- Born: Theodore "Oral" Tevan 1 March 1933 Kingston, Ontario, Canada
- Died: 12 August 2011 (aged 78) Montreal, Quebec, Canada
- Career
- Show: Sports Rap
- Station: CFOX
- Show: Various series
- Station(s): CKO, CFMB, CIQC, CKGM
- Country: Canada

= Ted Tevan =

Theodore "Ted" Tevan (1 March 1933 - 12 August 2011) was a Canadian sports radio broadcaster.

Born in Kingston, Ontario, Tevan moved to Montreal in 1965 initially working in radio advertising. His career remained based in that city except for a short-lived sports talk show on the Toronto-based CKO in early 1989, and from then until 1991 at CKWW in Windsor, Ontario.

His first radio program was Sports Rap on Montreal's 1470 CFOX radio station, considered a key pioneering effort towards the development of sports radio in Canada. Tevan established a reputation as a radio maverick, often verbally jousting with his listeners and, in some cases, kicking them off the air with a jubilant "You're gone!"

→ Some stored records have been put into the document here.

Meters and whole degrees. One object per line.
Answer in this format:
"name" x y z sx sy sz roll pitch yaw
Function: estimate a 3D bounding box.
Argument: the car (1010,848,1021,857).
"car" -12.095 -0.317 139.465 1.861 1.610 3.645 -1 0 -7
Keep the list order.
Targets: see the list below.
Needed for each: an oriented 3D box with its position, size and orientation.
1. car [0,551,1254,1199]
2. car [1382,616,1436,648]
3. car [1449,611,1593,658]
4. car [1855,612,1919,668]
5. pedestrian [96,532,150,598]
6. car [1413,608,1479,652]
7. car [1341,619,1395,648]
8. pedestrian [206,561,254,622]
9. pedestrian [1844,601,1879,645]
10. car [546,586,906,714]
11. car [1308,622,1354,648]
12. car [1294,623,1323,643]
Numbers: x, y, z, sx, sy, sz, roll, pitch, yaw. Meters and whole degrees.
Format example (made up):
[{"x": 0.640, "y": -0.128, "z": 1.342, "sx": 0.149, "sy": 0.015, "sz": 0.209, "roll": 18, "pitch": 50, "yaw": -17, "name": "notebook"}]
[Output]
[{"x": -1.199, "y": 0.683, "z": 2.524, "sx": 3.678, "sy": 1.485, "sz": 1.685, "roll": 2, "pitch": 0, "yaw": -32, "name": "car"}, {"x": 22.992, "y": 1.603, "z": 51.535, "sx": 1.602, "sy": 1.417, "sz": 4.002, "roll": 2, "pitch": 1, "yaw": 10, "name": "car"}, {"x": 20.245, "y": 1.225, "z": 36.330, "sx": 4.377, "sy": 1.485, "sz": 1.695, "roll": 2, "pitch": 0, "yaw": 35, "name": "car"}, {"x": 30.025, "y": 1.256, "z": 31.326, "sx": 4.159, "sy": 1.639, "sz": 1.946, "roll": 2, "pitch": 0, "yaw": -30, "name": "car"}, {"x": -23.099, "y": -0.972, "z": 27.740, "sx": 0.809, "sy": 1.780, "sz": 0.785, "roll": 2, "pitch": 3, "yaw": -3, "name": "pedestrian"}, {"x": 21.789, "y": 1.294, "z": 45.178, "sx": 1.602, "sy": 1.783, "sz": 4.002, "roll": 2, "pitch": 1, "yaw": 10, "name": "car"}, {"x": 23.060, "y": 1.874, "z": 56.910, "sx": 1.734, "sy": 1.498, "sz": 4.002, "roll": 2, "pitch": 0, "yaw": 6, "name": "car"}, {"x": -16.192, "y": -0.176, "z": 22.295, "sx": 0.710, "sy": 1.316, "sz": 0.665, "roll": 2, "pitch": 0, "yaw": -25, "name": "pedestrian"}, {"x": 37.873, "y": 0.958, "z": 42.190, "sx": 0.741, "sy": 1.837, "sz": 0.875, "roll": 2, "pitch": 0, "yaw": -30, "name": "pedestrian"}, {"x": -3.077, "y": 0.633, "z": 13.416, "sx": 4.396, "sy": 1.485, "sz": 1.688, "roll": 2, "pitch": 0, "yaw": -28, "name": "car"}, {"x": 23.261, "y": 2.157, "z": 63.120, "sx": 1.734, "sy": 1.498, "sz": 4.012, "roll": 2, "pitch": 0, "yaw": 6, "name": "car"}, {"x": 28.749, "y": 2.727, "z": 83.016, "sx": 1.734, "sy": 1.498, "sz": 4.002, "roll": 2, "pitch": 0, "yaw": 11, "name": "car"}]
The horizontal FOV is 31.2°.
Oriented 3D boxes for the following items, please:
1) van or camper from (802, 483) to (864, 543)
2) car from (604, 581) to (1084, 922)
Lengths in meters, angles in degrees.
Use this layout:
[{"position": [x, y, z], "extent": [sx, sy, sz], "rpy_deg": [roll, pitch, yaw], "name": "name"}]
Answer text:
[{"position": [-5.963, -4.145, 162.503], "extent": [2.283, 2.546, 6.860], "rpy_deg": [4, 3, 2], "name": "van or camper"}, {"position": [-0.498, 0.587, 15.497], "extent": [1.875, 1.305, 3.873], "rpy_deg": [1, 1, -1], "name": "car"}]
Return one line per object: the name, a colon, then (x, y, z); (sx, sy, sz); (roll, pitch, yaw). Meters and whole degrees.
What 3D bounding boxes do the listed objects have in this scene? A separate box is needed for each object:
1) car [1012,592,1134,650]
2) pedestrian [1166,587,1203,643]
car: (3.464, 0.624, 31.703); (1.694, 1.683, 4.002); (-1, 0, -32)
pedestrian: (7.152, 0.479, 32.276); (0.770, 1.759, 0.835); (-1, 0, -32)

Outside his broadcasting career, Tevan served as a defence witness in 2001 during the incest trial of boxing champion Dave Hilton, Jr.

In January 2000, Tevan began a late night Tuesdays and Thursdays on CFMB 1280 shortly after his previous show on AM 940 (then CIQC) was cancelled due to a format change. He previously hosted shows on the 600 frequency when it was known as CFCF (CFMB).

Tevan hosted a late night sports programme on The Team 990.

On 11 August 2011, Tevan fell at his residence in Notre-Dame-de-Grâce, fracturing his hip. The following day, he died from heart failure after an operation to repair the hip. A tribute on Team 990 was planned for the following Tuesday.